Cushing disease is a medical condition in which a tumor on the pituitary gland causes the adrenal glands to overproduce cortisol. It is treated by surgery to remove the tumor, followed by chemotherapy to kill remaining tumor cells. Addison disease results from underproduction of cortisol, and is treated by administering hydrocortisone (the pharmaceutical name for cortisol).

SUMMARY 23.3 Hormonal Regulation of Fuel Metabolism

Fluctuations in blood glucose (normally 70 to 100 mg/100 mL, or about 4.5 mm) due to dietary intake or vigorous exercise are counterbalanced by a variety of hormonally triggered changes in metabolism in several organs.
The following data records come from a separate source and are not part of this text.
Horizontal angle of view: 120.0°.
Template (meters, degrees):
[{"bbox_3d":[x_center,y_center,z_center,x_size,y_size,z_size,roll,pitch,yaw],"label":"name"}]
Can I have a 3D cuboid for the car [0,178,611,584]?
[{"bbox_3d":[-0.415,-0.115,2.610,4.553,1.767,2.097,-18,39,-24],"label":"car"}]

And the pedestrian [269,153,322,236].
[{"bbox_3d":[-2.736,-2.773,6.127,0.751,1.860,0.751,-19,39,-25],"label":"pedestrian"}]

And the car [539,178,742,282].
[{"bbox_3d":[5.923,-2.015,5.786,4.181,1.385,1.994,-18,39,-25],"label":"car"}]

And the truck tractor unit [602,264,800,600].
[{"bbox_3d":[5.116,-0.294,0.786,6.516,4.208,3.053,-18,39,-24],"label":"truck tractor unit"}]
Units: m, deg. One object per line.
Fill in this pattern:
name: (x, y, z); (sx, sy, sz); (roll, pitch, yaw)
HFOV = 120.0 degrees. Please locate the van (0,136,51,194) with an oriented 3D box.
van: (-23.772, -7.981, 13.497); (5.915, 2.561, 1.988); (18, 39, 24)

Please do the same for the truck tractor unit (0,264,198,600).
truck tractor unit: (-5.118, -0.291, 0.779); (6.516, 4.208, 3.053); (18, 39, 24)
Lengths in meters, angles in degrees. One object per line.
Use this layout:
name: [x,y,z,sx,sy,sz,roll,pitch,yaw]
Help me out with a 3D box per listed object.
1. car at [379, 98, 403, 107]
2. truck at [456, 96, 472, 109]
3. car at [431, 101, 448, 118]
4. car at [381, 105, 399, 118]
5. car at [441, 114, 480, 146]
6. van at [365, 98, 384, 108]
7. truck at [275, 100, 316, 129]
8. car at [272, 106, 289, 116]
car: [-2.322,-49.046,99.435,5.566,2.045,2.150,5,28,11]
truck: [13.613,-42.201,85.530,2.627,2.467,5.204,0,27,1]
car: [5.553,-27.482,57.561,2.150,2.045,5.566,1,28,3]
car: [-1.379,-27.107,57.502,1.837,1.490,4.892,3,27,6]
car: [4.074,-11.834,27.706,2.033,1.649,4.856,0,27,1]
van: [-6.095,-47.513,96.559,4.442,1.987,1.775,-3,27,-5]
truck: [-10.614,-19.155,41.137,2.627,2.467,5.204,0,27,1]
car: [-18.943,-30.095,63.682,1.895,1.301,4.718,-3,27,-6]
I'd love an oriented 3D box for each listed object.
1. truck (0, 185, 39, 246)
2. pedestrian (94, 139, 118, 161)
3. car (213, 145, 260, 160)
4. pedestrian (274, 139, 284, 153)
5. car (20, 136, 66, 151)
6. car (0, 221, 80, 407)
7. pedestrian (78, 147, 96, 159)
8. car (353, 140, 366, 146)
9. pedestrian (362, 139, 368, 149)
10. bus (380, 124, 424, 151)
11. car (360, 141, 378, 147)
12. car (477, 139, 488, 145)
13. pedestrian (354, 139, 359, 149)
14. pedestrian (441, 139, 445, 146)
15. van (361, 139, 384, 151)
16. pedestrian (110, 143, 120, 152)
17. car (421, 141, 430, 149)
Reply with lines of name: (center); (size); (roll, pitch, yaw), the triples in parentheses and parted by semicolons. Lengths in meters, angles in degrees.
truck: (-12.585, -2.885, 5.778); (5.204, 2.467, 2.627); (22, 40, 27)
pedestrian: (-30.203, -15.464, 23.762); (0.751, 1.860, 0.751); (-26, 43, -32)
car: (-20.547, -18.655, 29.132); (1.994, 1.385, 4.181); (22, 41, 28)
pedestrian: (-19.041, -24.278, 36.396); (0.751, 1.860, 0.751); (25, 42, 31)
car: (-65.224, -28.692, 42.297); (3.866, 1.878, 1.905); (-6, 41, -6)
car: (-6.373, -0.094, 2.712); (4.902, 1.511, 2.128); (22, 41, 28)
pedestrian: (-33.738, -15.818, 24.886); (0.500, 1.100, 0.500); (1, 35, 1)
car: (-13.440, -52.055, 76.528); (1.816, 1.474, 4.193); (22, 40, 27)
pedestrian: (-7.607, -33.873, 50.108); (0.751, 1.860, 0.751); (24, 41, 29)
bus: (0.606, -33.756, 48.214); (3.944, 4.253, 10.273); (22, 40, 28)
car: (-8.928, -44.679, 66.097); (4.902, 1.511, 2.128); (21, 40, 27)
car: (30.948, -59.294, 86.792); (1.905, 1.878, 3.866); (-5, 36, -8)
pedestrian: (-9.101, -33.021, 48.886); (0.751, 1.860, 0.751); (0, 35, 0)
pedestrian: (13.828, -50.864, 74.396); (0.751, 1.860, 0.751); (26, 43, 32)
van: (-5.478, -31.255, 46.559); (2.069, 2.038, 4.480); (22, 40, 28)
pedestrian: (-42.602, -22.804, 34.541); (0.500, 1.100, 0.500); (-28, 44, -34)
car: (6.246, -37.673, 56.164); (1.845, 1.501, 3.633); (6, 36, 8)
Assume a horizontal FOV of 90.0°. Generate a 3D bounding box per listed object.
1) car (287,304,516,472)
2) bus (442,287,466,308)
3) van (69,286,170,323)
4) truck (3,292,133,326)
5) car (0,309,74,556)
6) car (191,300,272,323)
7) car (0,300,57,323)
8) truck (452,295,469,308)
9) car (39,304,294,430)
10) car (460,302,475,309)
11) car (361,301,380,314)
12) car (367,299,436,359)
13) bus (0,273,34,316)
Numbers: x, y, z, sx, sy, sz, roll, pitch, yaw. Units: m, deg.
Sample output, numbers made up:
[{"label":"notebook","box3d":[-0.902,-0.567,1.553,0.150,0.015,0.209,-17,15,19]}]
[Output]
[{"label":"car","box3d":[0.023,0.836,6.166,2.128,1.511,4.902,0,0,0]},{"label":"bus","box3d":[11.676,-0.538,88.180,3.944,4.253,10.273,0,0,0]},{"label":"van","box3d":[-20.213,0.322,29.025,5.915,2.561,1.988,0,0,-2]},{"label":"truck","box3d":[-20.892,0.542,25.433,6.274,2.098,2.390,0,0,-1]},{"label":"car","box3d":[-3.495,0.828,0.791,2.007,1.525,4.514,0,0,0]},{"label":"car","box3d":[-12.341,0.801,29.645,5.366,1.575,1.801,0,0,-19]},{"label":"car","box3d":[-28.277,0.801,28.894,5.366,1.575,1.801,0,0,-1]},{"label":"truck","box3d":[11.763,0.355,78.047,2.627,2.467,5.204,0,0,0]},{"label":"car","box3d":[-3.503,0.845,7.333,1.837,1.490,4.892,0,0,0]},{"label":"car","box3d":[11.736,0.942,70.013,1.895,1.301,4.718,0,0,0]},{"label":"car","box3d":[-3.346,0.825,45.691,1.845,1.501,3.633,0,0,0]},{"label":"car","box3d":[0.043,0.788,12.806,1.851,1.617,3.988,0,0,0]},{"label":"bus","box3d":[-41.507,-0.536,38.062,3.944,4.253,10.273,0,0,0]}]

High blood glucose elicits the release of insulin, which speeds the uptake of glucose by tissues and favors the storage of fuels as glycogen and triacylglycerols while inhibiting fatty acid mobilization in adipose tissue.
Low blood glucose triggers release of glucagon, which stimulates glucose release from liver glycogen and shifts fuel metabolism in liver and muscle to fatty acid oxidation, sparing glucose for use by the brain. In prolonged fasting, TAGs become the principal fuel; the liver converts the fatty acids to ketone bodies for export to other tissues, including the brain.
Epinephrine prepares the body for increased activity by mobilizing glucose from glycogen and other precursors, releasing the glucose into the blood.
Cortisol, released in response to a variety of stressors (including low blood glucose), stimulates gluconeogenesis from amino acids and glycerol in the liver, thus raising blood glucose and counterbalancing the effects of insulin.